Voters in Scandinavia, Britain, France and Germany are starting to speak out against funding more bailouts. In Finland the advance of the True Finns party showed how right wing populists can take advantage of anti-bailout feeling. In the UK the right wing press launched a campaign against foreign aid as a shot across Cameron and Osborne’s bows in the event of further bailout contributions later this year.
And in Germany fears are rising. Popular opposition to bailouts is strong. When 200 leading economists signed an open letter attacking more bailouts earlier this year, German employers’ president Dieter Hundt was forced to attack them in the business paper Handelsblatt, where he called for the size of the EU bailout fund to be raised from €250 billion to €450 billion.
Because there are more bailouts and even potential defaults looming. As we pointed out in Workers Power last month (WP May 2011, Fact and fiction: politics behind the deficit), the value of the European Financial Stability Facility (EFSF) has been raised because Spain could be bust.
As Spanish unemployment shatters the 20 per cent barrier and more than four in every 10 young people of working age are on the dole, international money markets are demanding still more vicious cuts in services, benefits and public provision.

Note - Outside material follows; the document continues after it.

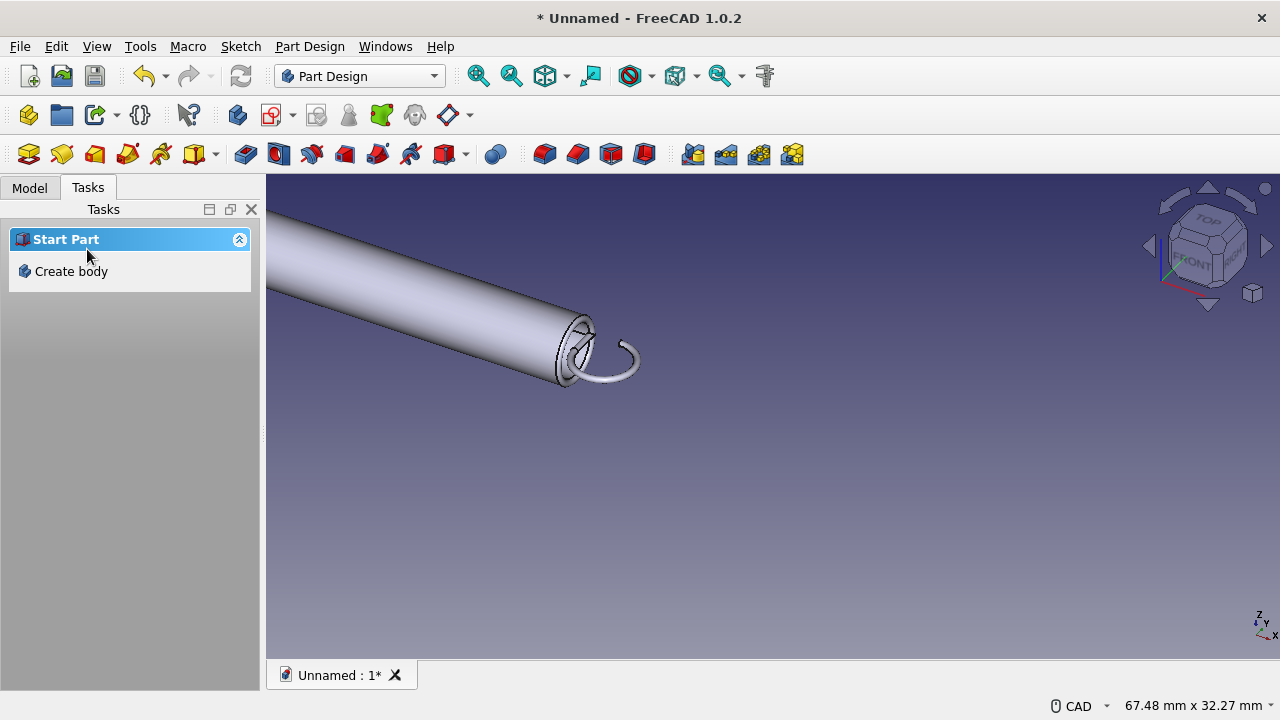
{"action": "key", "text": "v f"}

The government of the misnamed Socialist party has been carrying out horrendous cuts already – but when they lost hand over fist in recent regional elections, investors demanded higher than ever returns for funding Spanish debt. The country’s 10-year bond prices slumped as demand for Spanish bonds faded away for fear of default.
As the main squares of Madrid and Barcelona filled with young protesters demanding revolution and “real democracy” , the governor of the Bank of Spain, Miguel Ordonez, said the people would have to be made to suffer more. Or as the Financial Times put it, “the country should not accept the high cost of financing sovereign debt and must press ahead with reforms.” The same crisis as Greece draws the same response from the bankers: For profit to stay private, debt must become public, and the working class has to pay.

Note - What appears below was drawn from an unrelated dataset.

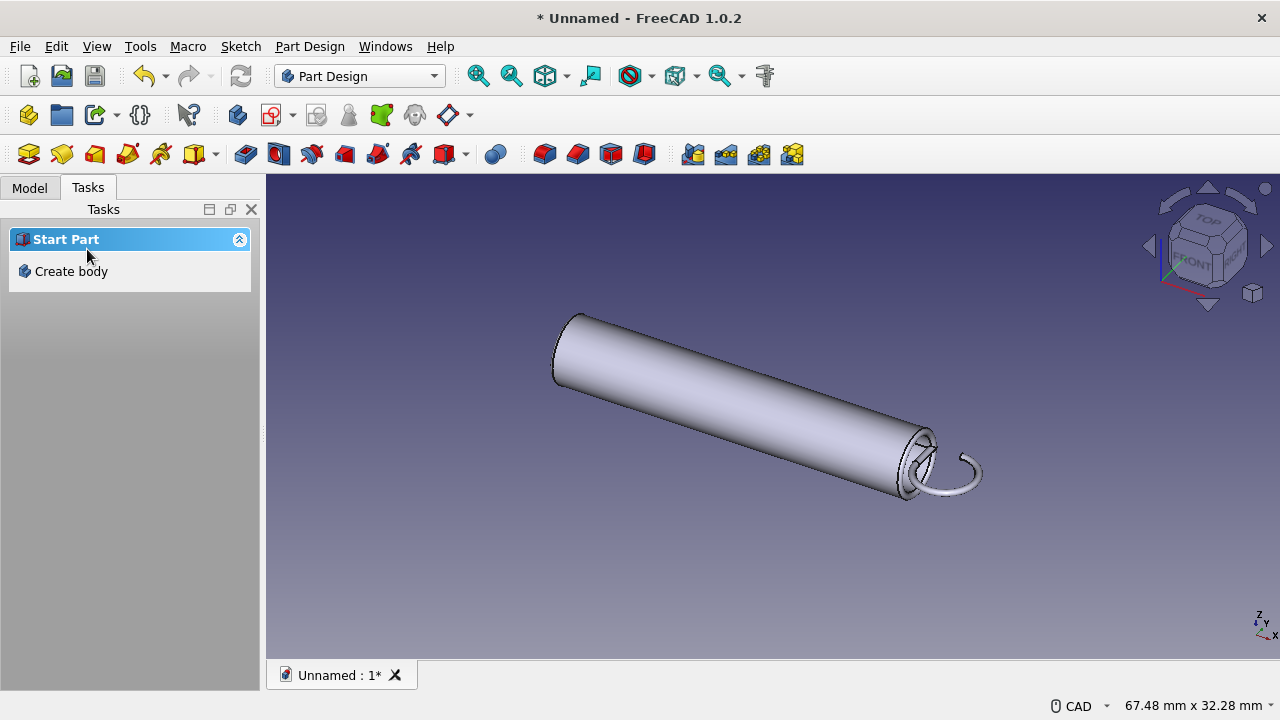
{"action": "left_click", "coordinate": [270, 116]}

Even if Spain goes down, and even if the EFSF and the IMF have the cash to bail it out, there is no chance of Europe finding the cash for the next and even bigger looming bailout: Italy.
The Economist Information Unit insists that current EFSF plus IMF funding would “not be enough for Spain plus any other potentially vulnerable country, such as Belgium (which has funding needs of around €140 billion during 2011-13) and certainly not Italy (€820 billion).” With a state debt of 120 per cent, the risk of an Italian bailout is real.
That risk showed signs of crystallising at the end of May. As fears spread for Greece and Spain, Italy’s 10 year bond prices also dived, as rating agency Standard and Poor’s put the country’s debt on a ‘negative’ outlook. Berlusconi’s corrupt right-wing regime responded by promising … a package of cuts to balance the budget within just two years.
The working class needs to link up across Europe and fight the cuts. We need to say we won’t pay for the bankers’ crisis – and we need to refuse the lie that the deficit must be paid. Instead the bondholders and bankers should have their wealth and assets confiscated, the debts should be renounced, and a general strike should be launched in each country facing cuts until the bosses back down and the cuts packages are abandoned – or until we overthrow them and take the power into our own hands.